Und kurz darauf köpfelte Callejón einen zu kurz gespielten öffenden Pass aus der Barça-Verteidigung direkt zu Benzema, dieser verwertete zum Ausgleich. Das Match war wieder offen und für kurze Zeit konnte auch Mesut Özil, der auf der linken Seite – trotz der recht aktiven Rolle von Arbeloa hinter ihm – eine recht anonyme Leistung ablieferte, ein wenig glänzen.
Risiko-Wechsel bringt Ruhe
Pep Guardiola reagierte auf den deutlich aufflammenden Druck von Real, indem er Mascherano (statt Sánchez) brachte und in die Innenverteidigung stellte, dafür wanderte Puyol auf die rechte Seite.
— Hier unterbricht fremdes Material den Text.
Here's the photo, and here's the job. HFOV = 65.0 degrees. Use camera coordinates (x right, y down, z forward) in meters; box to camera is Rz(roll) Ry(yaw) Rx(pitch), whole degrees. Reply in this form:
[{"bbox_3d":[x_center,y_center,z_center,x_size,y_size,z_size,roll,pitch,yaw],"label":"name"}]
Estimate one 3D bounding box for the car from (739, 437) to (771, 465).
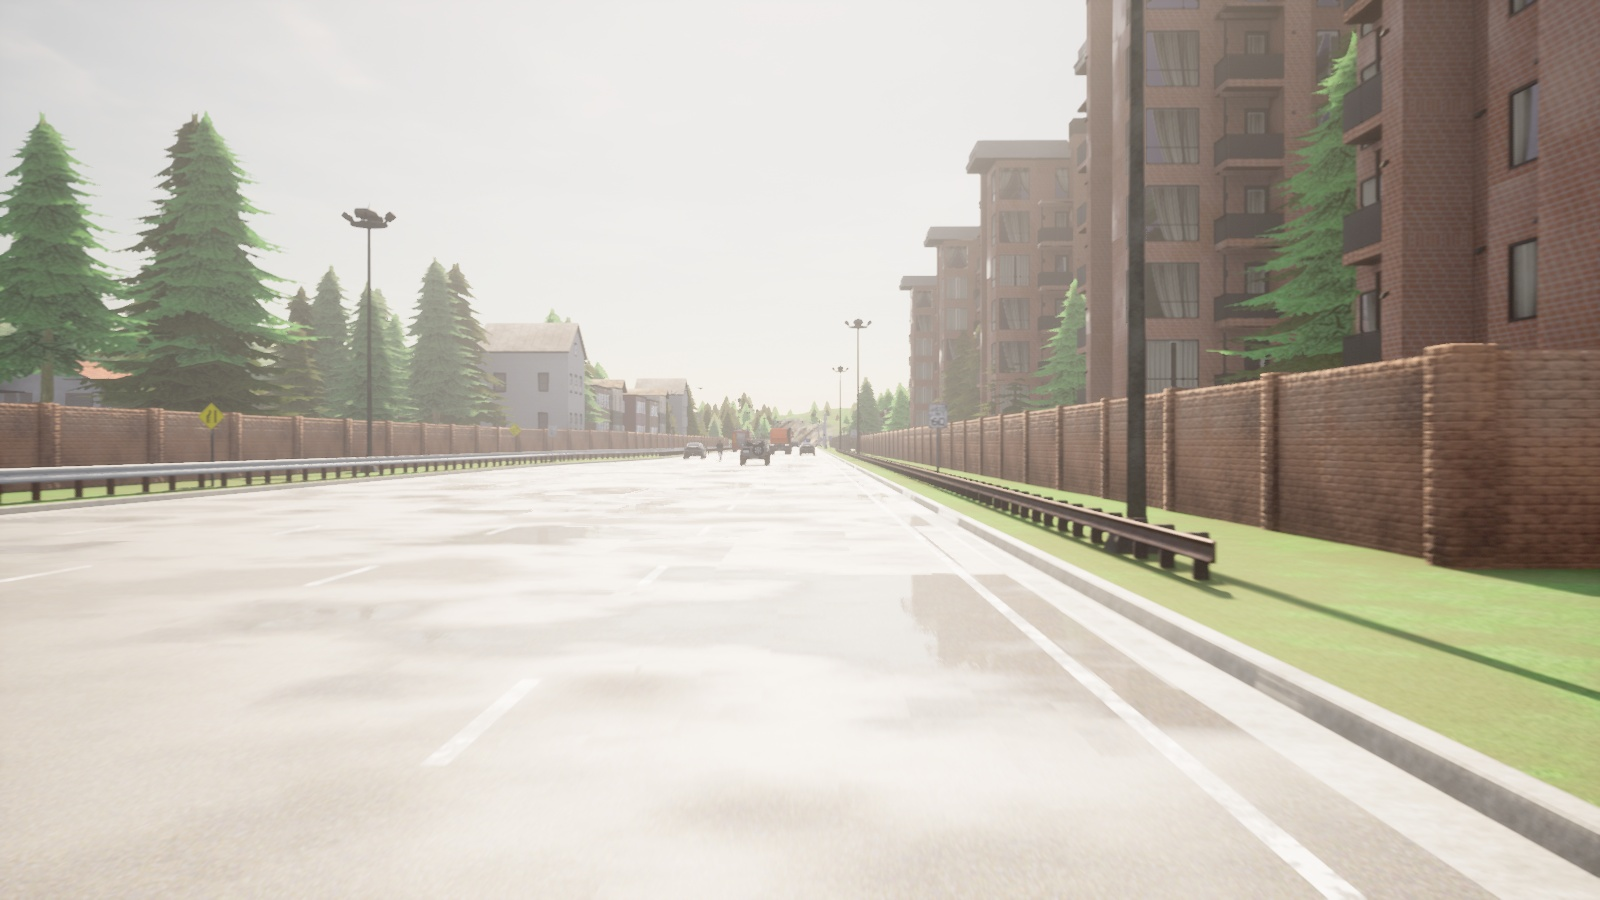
[{"bbox_3d":[-3.004,0.069,84.648,1.932,1.855,4.605,0,0,0],"label":"car"}]
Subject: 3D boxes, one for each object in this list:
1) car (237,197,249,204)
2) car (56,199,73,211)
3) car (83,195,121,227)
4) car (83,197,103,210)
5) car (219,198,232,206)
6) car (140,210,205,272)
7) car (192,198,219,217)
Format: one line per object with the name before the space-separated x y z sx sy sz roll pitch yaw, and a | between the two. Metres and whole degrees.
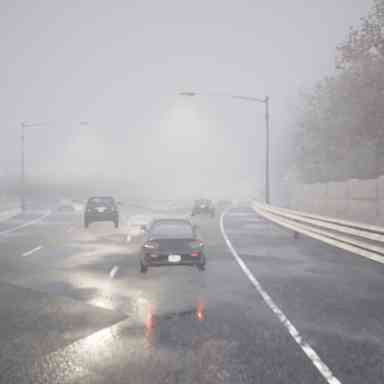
car | 12.304 2.290 81.861 1.837 1.490 4.892 0 -3 15
car | -16.442 1.611 42.958 2.033 1.411 5.357 0 0 -25
car | -6.186 1.247 23.130 2.150 2.045 5.566 0 0 -12
car | -13.225 1.529 44.150 1.882 1.535 5.008 0 0 -24
car | 5.380 1.588 53.530 1.895 1.301 4.718 0 0 14
car | -0.687 1.529 10.781 1.812 1.442 4.674 0 0 -6
car | 1.178 1.349 31.393 2.097 1.767 4.553 0 0 6

Auf der einen Seite war das natürlich ein gewisses Risiko, weil Puyol der deutlich bessere Innenverteidiger gegenüber Mascherano ist. Andererseits aber brachte genau dieser Wechsel die entscheidende Beruhigung.
Weil Puyol sich nun um Ronaldo kümmerte und diesen ziemlich kaltstellte, konnte Dani Alves ohne große Sorgen haben zu müssen nach vorne marschieren. So sorgte diese Umstellung dafür, dass Real nicht mehr wirklich zur Entfaltung kam und sich gegen Ende des Spiels wieder einmal mehr mit dem Schiedsrichter beschäftigte als mit dem Gegner. Ausgerechnet Sergio Ramos, der als Rädelsführer der kolportierten Revolte gegen Mourinho gehandelt worden war, musste nach einem Ellbogen-Check gegen Busquets auch noch mit Gelb-Rot das Feld räumen.
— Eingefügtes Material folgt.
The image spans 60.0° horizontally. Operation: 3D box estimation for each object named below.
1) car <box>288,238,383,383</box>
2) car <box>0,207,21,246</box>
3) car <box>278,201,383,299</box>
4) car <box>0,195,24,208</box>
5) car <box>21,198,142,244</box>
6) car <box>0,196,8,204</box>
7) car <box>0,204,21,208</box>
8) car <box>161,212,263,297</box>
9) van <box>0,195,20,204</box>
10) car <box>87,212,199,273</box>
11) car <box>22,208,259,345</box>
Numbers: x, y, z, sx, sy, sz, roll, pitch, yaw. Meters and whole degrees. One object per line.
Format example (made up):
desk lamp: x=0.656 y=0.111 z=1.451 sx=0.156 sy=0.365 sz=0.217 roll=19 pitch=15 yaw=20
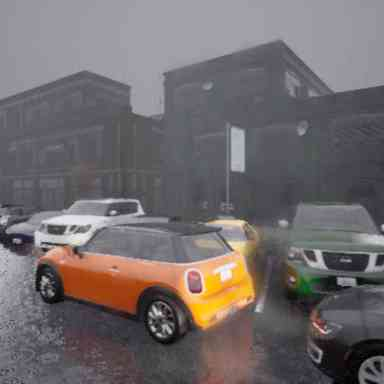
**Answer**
car: x=3.660 y=1.525 z=3.172 sx=4.892 sy=1.490 sz=1.837 roll=0 pitch=0 yaw=36
car: x=-6.265 y=1.584 z=15.522 sx=2.163 sy=1.488 sz=4.792 roll=0 pitch=-1 yaw=16
car: x=3.451 y=1.275 z=8.451 sx=2.435 sy=2.045 sz=5.566 roll=1 pitch=-1 yaw=16
car: x=-32.603 y=1.566 z=57.998 sx=5.566 sy=2.045 sz=2.435 roll=1 pitch=0 yaw=15
car: x=-3.840 y=1.294 z=13.757 sx=2.435 sy=2.045 sz=5.566 roll=1 pitch=-1 yaw=16
car: x=-43.051 y=1.790 z=72.737 sx=4.553 sy=1.767 sz=2.185 roll=-1 pitch=-1 yaw=14
car: x=-8.703 y=1.437 z=17.294 sx=2.185 sy=1.767 sz=4.553 roll=0 pitch=-1 yaw=16
car: x=0.965 y=1.526 z=10.061 sx=1.946 sy=1.575 sz=5.366 roll=1 pitch=-1 yaw=16
van: x=-41.424 y=1.705 z=75.239 sx=4.442 sy=1.987 sz=1.878 roll=-1 pitch=-1 yaw=14
car: x=-1.419 y=1.568 z=11.981 sx=2.163 sy=1.488 sz=4.792 roll=1 pitch=-1 yaw=16
car: x=-1.166 y=1.380 z=6.688 sx=4.553 sy=1.767 sz=2.097 roll=0 pitch=0 yaw=36

Fazit: So nah dran war Real schon lange nicht mehr
Es war schon in den letzten Clásicos ersichtlich: Wenn Real ein Pressing aufzieht und Barcelona keine Zeit am Ball und zur Spielgestaltung lässt, haben die Katalanen Probleme. Der Unterschied in diesem Spiel gegenüber den letzten Versuchen: Es war nicht nach zehn Minuten Schluss damit, sondern wurde über einen längeren Zeitraum aufrecht erhalten. So hatte Real vor allem vor der Pause die klar besseren Chancen und hielt Barcelona über die gesamte Spielzeit bei einem rekordverdächtig niedrigen Ballbesitz-Wert von 60 Prozent.
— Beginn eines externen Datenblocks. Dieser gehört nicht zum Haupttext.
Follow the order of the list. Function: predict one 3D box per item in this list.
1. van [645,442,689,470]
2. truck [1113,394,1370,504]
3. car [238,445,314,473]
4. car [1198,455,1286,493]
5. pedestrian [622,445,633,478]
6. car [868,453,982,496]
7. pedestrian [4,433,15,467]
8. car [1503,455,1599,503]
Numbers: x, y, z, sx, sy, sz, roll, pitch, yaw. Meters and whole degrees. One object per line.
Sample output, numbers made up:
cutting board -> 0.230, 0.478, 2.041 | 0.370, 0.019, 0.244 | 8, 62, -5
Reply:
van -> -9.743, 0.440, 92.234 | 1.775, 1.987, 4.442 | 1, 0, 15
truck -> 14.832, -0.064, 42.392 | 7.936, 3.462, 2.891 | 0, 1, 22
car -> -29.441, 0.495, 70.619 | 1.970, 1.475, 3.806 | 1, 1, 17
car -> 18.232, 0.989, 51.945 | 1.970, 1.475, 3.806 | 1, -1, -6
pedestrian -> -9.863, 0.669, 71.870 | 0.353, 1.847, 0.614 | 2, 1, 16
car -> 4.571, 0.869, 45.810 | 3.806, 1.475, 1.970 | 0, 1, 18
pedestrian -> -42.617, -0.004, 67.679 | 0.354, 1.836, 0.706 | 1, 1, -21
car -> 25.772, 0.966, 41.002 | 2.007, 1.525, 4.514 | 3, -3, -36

So nahe dran, den großen Gegner zu biegen, waren die Madrilenen also schon lange nicht mehr. Was ihnen durchaus Hoffnung für die Liga geben, kann, denn es ist davon auszugehen, dass Real die Meisterschaft kaum zu nehmen sein wird, wenn es im Liga-Match bei Barcelona auch keine Niederlage gibt. Wenn es Real so anstellt wie in diesem Spiel, ist das mehr als nur realistisch. Womit man aus Sicht von Real zumindest einen positiven Aspekt aus dem Cup-Aus ziehen kann.